А Виктор гладил ее мягкие волосы, вытирал слезы с мокрых щек, чувствовал, что и у него предательски щекочет в горле, — и ему было так хорошо, так покойно, как никогда в жизни. Он рассказал, с каким трудом добился разрешения взять с собой Рекса, как пристроил его сторожем в санатории, как полюбили его врачи и медсестры, как было смешно, когда в санаторий приехали портной и сапожник, чтобы одеть и обуть фронтовиков, представленных к званию Героя, — хромовые сапоги и суконные гимнастерки шли им как корове седло, но со временем ребята привыкли. Рассказал и о торжествах в Кремле.
— Ты вот что мне скажи, — попросил Виктор. — Я все никак не решусь о самом главном… Что говорят врачи? А то я с ними не успел перемолвиться. Как только дежурная сказала, что ты в парке, а парк, мол, большой и без провожатых тебя не найти, я сказал, что провожатый у меня свой, и тут же пустил Рекса.
— А что врачи? — пожала плечами Маша. — Нога, говорят, срастется. Ох, как я боялась, что ампутируют! — прижалась она к Виктору. — Бросит он меня, думаю, хроменькую, и буду растить сына одна.
— Маш-ка! — строго сказал Виктор. — Не дури!
— Не буду, не буду. Это я так, от радости.
— Ты о главном давай. Не тяни! Что с ребенком?
— Нормально с ребенком. Растет не по дням, а по часам. Ножками колотит, на вольный свет просится.
— И когда?
— К Октябрьским праздникам готовь приданое.
— А что надо?
— Ой, Витенька, так много всего надо, что голова кругом идет.
— Ничего, все найдем. Главное — не промахнуться в цвете. Какое все-таки доставать приданое — розовое или голубое?
— И то и другое! — решительно заявила Маша.
— Не понял, — отшатнулся Виктор.
— А-а, испугался! — взлохматила его волосы Маша. — А что, гляди, какой живот! Вдруг и в самом деле двойня?
— Да я что… Я — пожалуйста. Только ведь… Лучше бы знать наверняка.

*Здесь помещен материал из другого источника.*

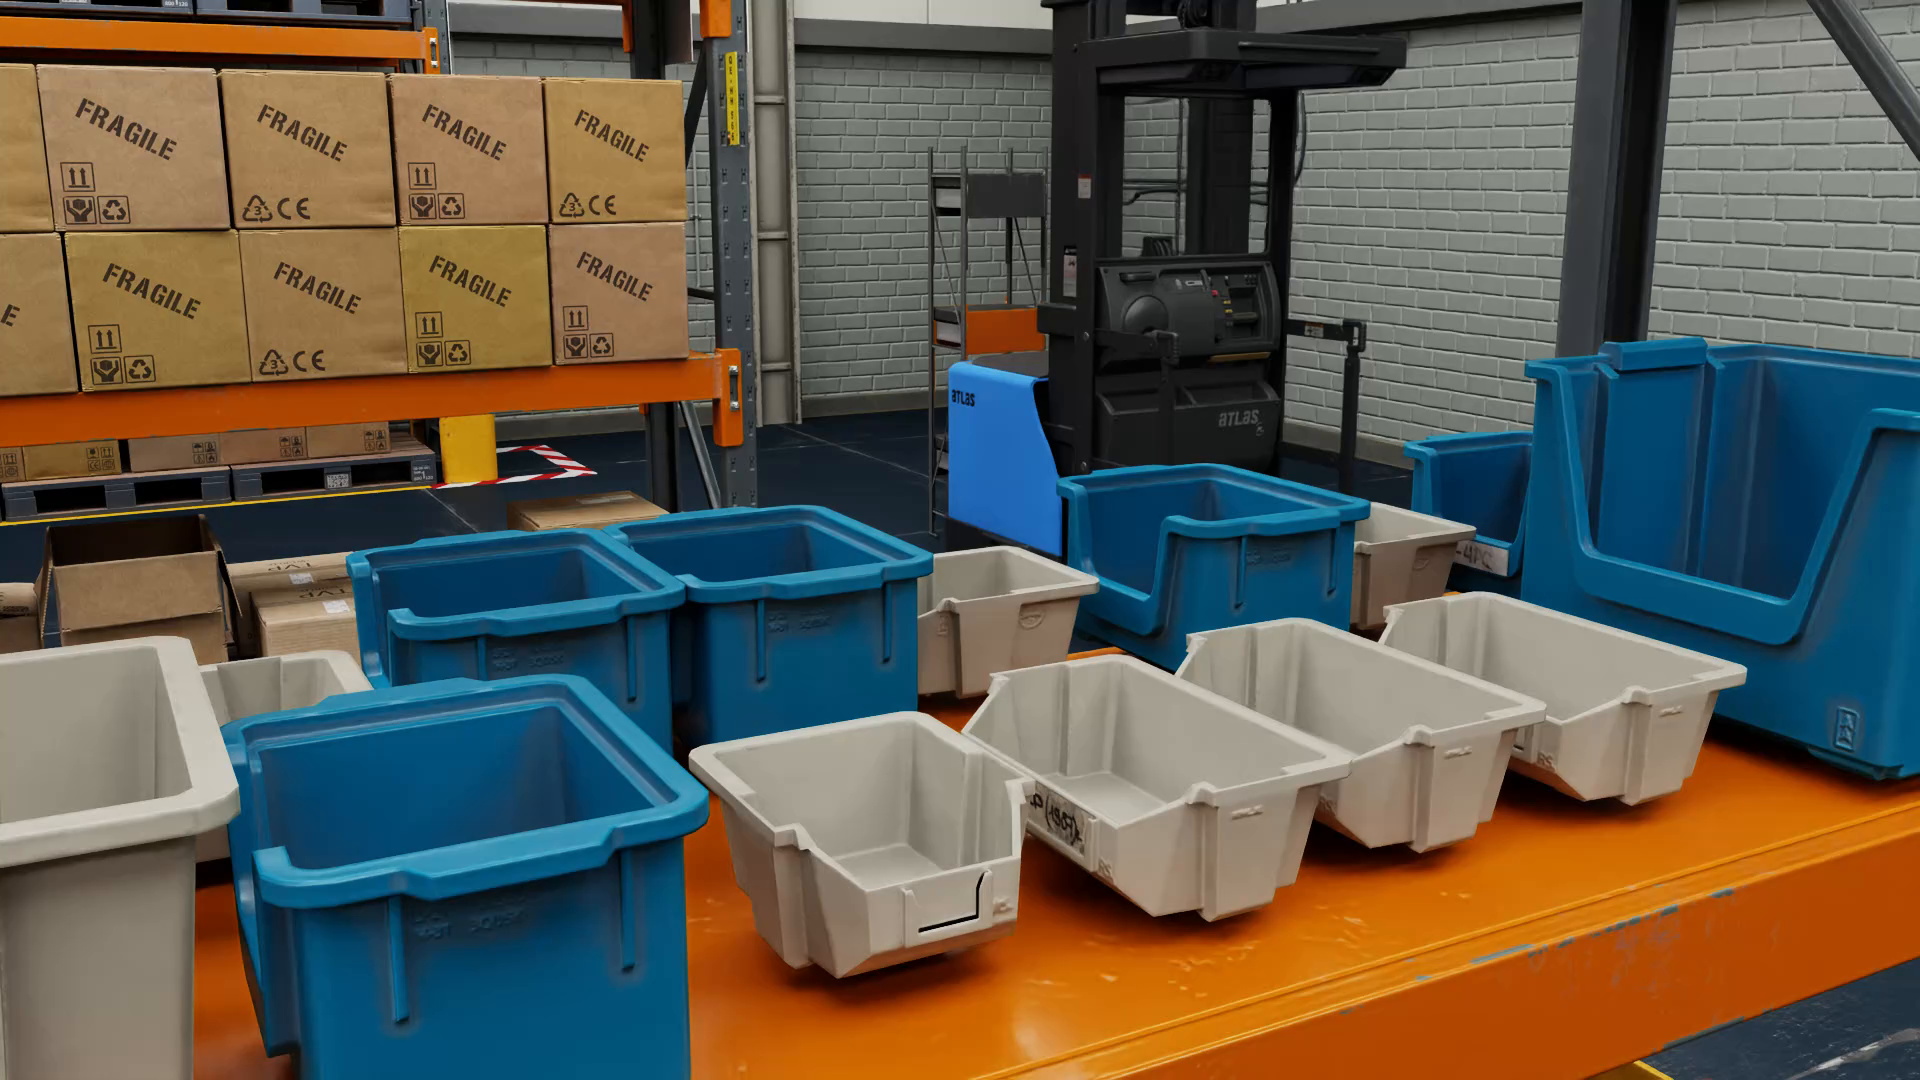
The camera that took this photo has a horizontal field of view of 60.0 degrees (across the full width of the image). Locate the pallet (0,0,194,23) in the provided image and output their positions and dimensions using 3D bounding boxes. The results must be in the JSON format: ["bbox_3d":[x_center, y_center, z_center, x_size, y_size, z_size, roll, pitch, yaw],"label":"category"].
[{"bbox_3d":[-5.171,-3.158,9.682,1.213,0.211,1.003,-7,14,-28],"label":"pallet"}]

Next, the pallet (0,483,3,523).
[{"bbox_3d":[-6.259,-0.231,9.656,1.213,0.211,1.003,-7,14,-28],"label":"pallet"}]

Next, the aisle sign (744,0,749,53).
[{"bbox_3d":[-0.869,-2.210,6.175,0.004,0.787,0.394,-7,14,-28],"label":"aisle sign"}]

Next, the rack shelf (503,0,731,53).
[{"bbox_3d":[-2.832,-1.895,5.506,4.000,0.370,1.077,-7,14,-28],"label":"rack shelf"}]

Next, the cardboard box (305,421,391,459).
[{"bbox_3d":[-4.019,-0.840,10.747,0.500,0.500,0.700,-7,14,-28],"label":"cardboard box"}]

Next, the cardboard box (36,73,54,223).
[{"bbox_3d":[-3.376,-1.320,5.636,0.500,0.500,0.500,-7,14,-27],"label":"cardboard box"}]

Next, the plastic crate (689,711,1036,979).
[{"bbox_3d":[-0.080,0.278,1.505,0.250,0.136,0.298,-7,14,-28],"label":"plastic crate"}]

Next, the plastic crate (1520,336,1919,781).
[{"bbox_3d":[1.090,-0.014,2.121,0.499,0.435,0.616,-7,14,-28],"label":"plastic crate"}]

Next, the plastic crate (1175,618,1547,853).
[{"bbox_3d":[0.404,0.209,1.811,0.243,0.136,0.396,-7,14,-28],"label":"plastic crate"}]

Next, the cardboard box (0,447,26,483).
[{"bbox_3d":[-5.816,-0.623,9.783,0.500,0.500,0.700,-7,14,-28],"label":"cardboard box"}]

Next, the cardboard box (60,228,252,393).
[{"bbox_3d":[-2.675,-0.783,5.528,0.500,0.500,0.500,-7,14,-29],"label":"cardboard box"}]

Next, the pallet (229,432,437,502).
[{"bbox_3d":[-4.117,-0.488,10.797,1.213,0.211,1.003,-7,14,-28],"label":"pallet"}]

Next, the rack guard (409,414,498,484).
[{"bbox_3d":[-3.432,-0.731,11.217,0.348,0.500,1.175,-7,14,-28],"label":"rack guard"}]

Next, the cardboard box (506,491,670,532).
[{"bbox_3d":[-1.435,0.116,6.452,0.500,0.500,0.500,-7,14,-28],"label":"cardboard box"}]

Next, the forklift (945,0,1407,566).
[{"bbox_3d":[1.110,-1.026,6.994,1.130,2.935,3.031,-7,15,-30],"label":"forklift"}]

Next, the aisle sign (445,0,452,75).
[{"bbox_3d":[-3.246,-3.166,10.423,0.004,0.787,0.394,-7,14,-28],"label":"aisle sign"}]

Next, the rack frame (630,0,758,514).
[{"bbox_3d":[-1.076,-0.993,6.691,0.127,3.000,1.000,-7,14,-28],"label":"rack frame"}]

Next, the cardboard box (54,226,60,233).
[{"bbox_3d":[-3.370,-0.832,5.748,0.500,0.500,0.500,-6,14,-27],"label":"cardboard box"}]

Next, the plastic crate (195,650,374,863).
[{"bbox_3d":[-0.832,0.241,1.672,0.466,0.136,0.293,-7,14,-28],"label":"plastic crate"}]

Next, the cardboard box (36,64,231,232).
[{"bbox_3d":[-2.682,-1.267,5.403,0.500,0.500,0.500,-6,14,-26],"label":"cardboard box"}]

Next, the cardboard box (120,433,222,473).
[{"bbox_3d":[-4.900,-0.734,10.277,0.500,0.500,0.700,-7,15,-30],"label":"cardboard box"}]

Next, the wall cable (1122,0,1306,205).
[{"bbox_3d":[1.683,-3.886,12.951,0.112,2.526,3.097,-7,14,-28],"label":"wall cable"}]

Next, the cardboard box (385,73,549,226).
[{"bbox_3d":[-1.778,-1.377,5.890,0.500,0.500,0.500,-6,14,-26],"label":"cardboard box"}]

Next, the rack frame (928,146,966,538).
[{"bbox_3d":[-0.069,-1.016,8.842,0.015,2.100,0.400,-7,14,-28],"label":"rack frame"}]

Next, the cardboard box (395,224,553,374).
[{"bbox_3d":[-1.792,-0.887,5.992,0.500,0.500,0.500,-7,14,-27],"label":"cardboard box"}]

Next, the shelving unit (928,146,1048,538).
[{"bbox_3d":[0.145,-1.042,8.956,0.503,2.100,0.431,-7,14,-28],"label":"shelving unit"}]

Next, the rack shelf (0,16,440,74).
[{"bbox_3d":[-5.208,-2.850,9.746,4.000,0.370,1.077,-7,14,-28],"label":"rack shelf"}]

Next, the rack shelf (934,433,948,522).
[{"bbox_3d":[0.145,-0.346,9.113,0.480,0.518,0.431,-7,14,-28],"label":"rack shelf"}]

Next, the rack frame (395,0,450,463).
[{"bbox_3d":[-3.453,-1.948,10.931,0.127,3.000,1.000,-7,14,-28],"label":"rack frame"}]

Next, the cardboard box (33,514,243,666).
[{"bbox_3d":[-2.940,0.232,5.930,0.637,0.503,0.797,-7,14,-28],"label":"cardboard box"}]

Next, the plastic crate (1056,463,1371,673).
[{"bbox_3d":[0.342,0.046,2.318,0.300,0.233,0.416,-7,14,-28],"label":"plastic crate"}]

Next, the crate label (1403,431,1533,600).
[{"bbox_3d":[0.920,-0.023,2.626,0.303,0.233,0.416,-7,14,-28],"label":"crate label"}]

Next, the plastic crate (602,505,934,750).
[{"bbox_3d":[-0.236,0.115,2.010,0.300,0.233,0.416,-7,14,-28],"label":"plastic crate"}]

— Наверняка этого никто не знает… А насчет приданого… Где его возьмешь? Да и в цвете ли дело? Не то сейчас время, чтобы заниматься такой ерундой, как цвет распашонок.
— Не скажи… Помнишь, когда сбежала к бабке-повитухе, а тебя догнал Рекс? Так вот, твой начальник и мой друг капитан Васильев тогда обронил, что детское приданое за ним. Я думал, он сказал ради красного словца, а Николай все помнит: перед моим отъездом в Москву опять заявил, что пеленки-распашонки за ним. Где он их возьмет, понятия не имею, но от меня потребовал честного слова, что обо всем этом скажу тебе.
Маша всхлипнула.
— Ты знаешь, я, конечно, дура-баба, но иногда… иногда в голову приходят просто чудовищные мысли. Ну, скажи, где бы мы нашли таких друзей, если бы не война? Нет их в мирной жизни, нет и быть не может! То есть, конечно, бывают, но не такие… не такие, как на войне!
Потом Маша погладила руку Виктора и попросила:
— Давай немного пройдемся. Погода-то какая — бабье лето.
Виктор взялся за спинку коляски, рядом тут же пристроился Рекс — и они не спеша двинулись по шуршащей листве. Мелькали спицы. Поскрипывали колеса. Пели последние песни еще не улетевшие птицы. Радоваться бы Маше, а она вдруг загрустила. На глазах снова показались слезы. А причина для этой грусти, да что там грусти — горя! — была настолько явная, что Маша просто поражалась, как Виктор ее не видит. Ведь все, кажется, обсудили, даже цвет распашонок, а о самом главном — ни слова.